### Supplied material
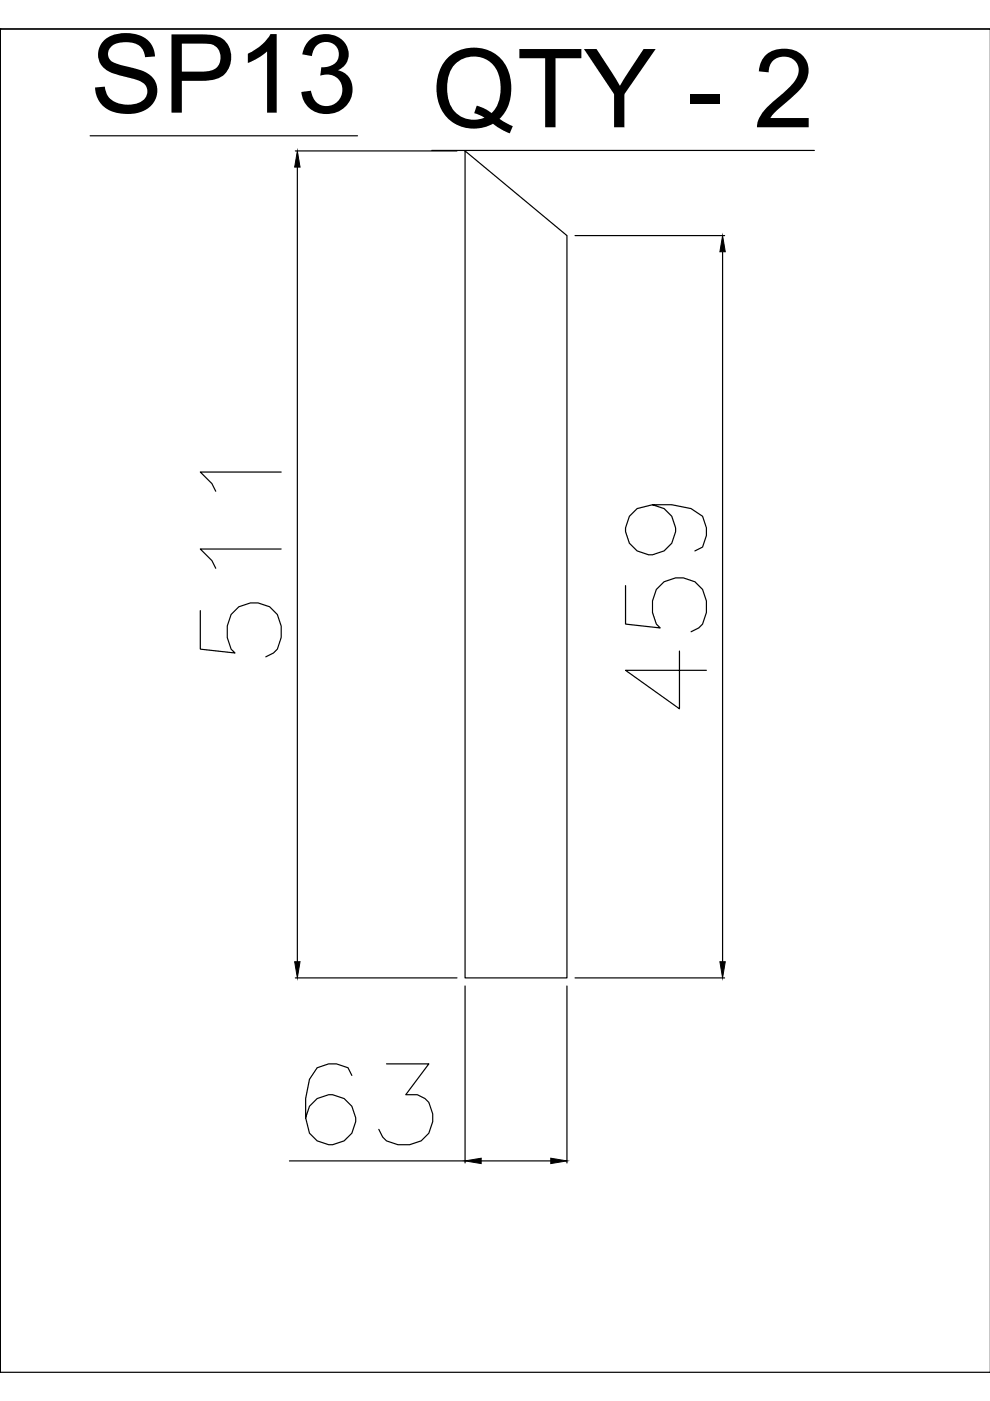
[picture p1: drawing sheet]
<svg xmlns="http://www.w3.org/2000/svg" width="210mm" height="297mm" viewBox="0 0 210 297" stroke-linecap="round" stroke-linejoin="round" font-family="sans-serif">
<defs><g id="words">
<text font-size="23.2" x="19.1" y="23.9">SP13 QTY - 2</text>
</g></defs>
<!-- layer: 0 -->
<g fill="none" stroke="#000" stroke-width=".25">
<path d="M0 6.1h.1M0 6.1v284.9h210M0 6.1h210h-210v284.9M19.1 28.8h56.7M62.6 32h34.3M63 35.4v168.5M91.5 31.9h81.2M98.6 32l21.6 17.9v157.4h-21.6zM121.9 49.9h31.7M153.2 53.4v150.5M59.6 116.4h-17.1l2.4 2.5 .8 1.6M59.6 100.1h-17.1l2.4 2.4 .8 1.7"/>
<path d="M138.3 107l2.5 .8 1.6 1.7 .8 2.4v.8l-.8 2.5-1.6 1.6-2.5 .8a5.3 5.3 0 0 1-5.7-5.7l.8-2.4 1.7-1.7 3.2-.8h4.1l4.1 .8 2.5 1.7 .8 2.4v1.6l-.8 2.5-1.7 .8M42.5 129.5v8.1l7.3 .8-.8-.8-.8-2.4v-2.5a5.5 5.5 0 0 1 6.5-4.9l2.5 .8 1.6 1.7 .8 2.4v2.5l-.8 2.4-.8 .8-1.6 .9M132.6 124.2v8.1l7.4 .8-.8-.8-.9-2.4v-2.5a5.5 5.5 0 0 1 6.6-4.9l2.4 .8 1.7 1.7 .8 2.4v2.5l-.8 2.4-.9 .8-1.6 .8M144.1 138v12.3l-11.5-8.2h17.2M62.6 207.3h34.3M98.6 209v37.6M120.2 209v37.6M121.9 207.3h31.7M74.6 228l-.8-1.6-2.5-.8h-1.6l-2.5 .8-1.6 2.4-.8 4.1v4.1l.8 3.3 1.6 1.6 2.5 .8h.8l2.5-.8 1.6-1.6 .8-2.5a5.3 5.3 0 0 0-5.7-5.7l-2.5 .8-1.6 1.6-.8 2.5M81.9 225.6h9l-4.9 6.5h2.5l1.6 .8 .8 .8a6.2 6.2 0 0 1-1.6 8.2l-2.5 .8h-2.4l-2.5-.8-.8-.8-.8-1.7M61.4 246.1h37.2M102 246.1h14.8"/>
</g>
<path d="M63 32l.6 3.4h-1.1zM153.2 49.9l.6 3.5h-1.2zM62.5 203.9h1.1l-.6 3.4zM152.6 203.9h1.2l-.6 3.4zM98.6 246.1l3.4-.5v1.1zM116.8 245.6l3.4 .5-3.4 .6z" fill="#000" stroke="#000" stroke-width=".21"/>
<use href="#words"/>
</svg>
######
__What to do__: Return the line where "</g></defs>" appears, then every line after it to the end of the listing, all exactly as written.

__The answer__:
</g></defs>
<!-- layer: 0 -->
<g fill="none" stroke="#000" stroke-width=".25">
<path d="M0 6.1h.1M0 6.1v284.9h210M0 6.1h210h-210v284.9M19.1 28.8h56.7M62.6 32h34.3M63 35.4v168.5M91.5 31.9h81.2M98.6 32l21.6 17.9v157.4h-21.6zM121.9 49.9h31.7M153.2 53.4v150.5M59.6 116.4h-17.1l2.4 2.5 .8 1.6M59.6 100.1h-17.1l2.4 2.4 .8 1.7"/>
<path d="M138.3 107l2.5 .8 1.6 1.7 .8 2.4v.8l-.8 2.5-1.6 1.6-2.5 .8a5.3 5.3 0 0 1-5.7-5.7l.8-2.4 1.7-1.7 3.2-.8h4.1l4.1 .8 2.5 1.7 .8 2.4v1.6l-.8 2.5-1.7 .8M42.5 129.5v8.1l7.3 .8-.8-.8-.8-2.4v-2.5a5.5 5.5 0 0 1 6.5-4.9l2.5 .8 1.6 1.7 .8 2.4v2.5l-.8 2.4-.8 .8-1.6 .9M132.6 124.2v8.1l7.4 .8-.8-.8-.9-2.4v-2.5a5.5 5.5 0 0 1 6.6-4.9l2.4 .8 1.7 1.7 .8 2.4v2.5l-.8 2.4-.9 .8-1.6 .8M144.1 138v12.3l-11.5-8.2h17.2M62.6 207.3h34.3M98.6 209v37.6M120.2 209v37.6M121.9 207.3h31.7M74.6 228l-.8-1.6-2.5-.8h-1.6l-2.5 .8-1.6 2.4-.8 4.1v4.1l.8 3.3 1.6 1.6 2.5 .8h.8l2.5-.8 1.6-1.6 .8-2.5a5.3 5.3 0 0 0-5.7-5.7l-2.5 .8-1.6 1.6-.8 2.5M81.9 225.6h9l-4.9 6.5h2.5l1.6 .8 .8 .8a6.2 6.2 0 0 1-1.6 8.2l-2.5 .8h-2.4l-2.5-.8-.8-.8-.8-1.7M61.4 246.1h37.2M102 246.1h14.8"/>
</g>
<path d="M63 32l.6 3.4h-1.1zM153.2 49.9l.6 3.5h-1.2zM62.5 203.9h1.1l-.6 3.4zM152.6 203.9h1.2l-.6 3.4zM98.6 246.1l3.4-.5v1.1zM116.8 245.6l3.4 .5-3.4 .6z" fill="#000" stroke="#000" stroke-width=".21"/>
<use href="#words"/>
</svg>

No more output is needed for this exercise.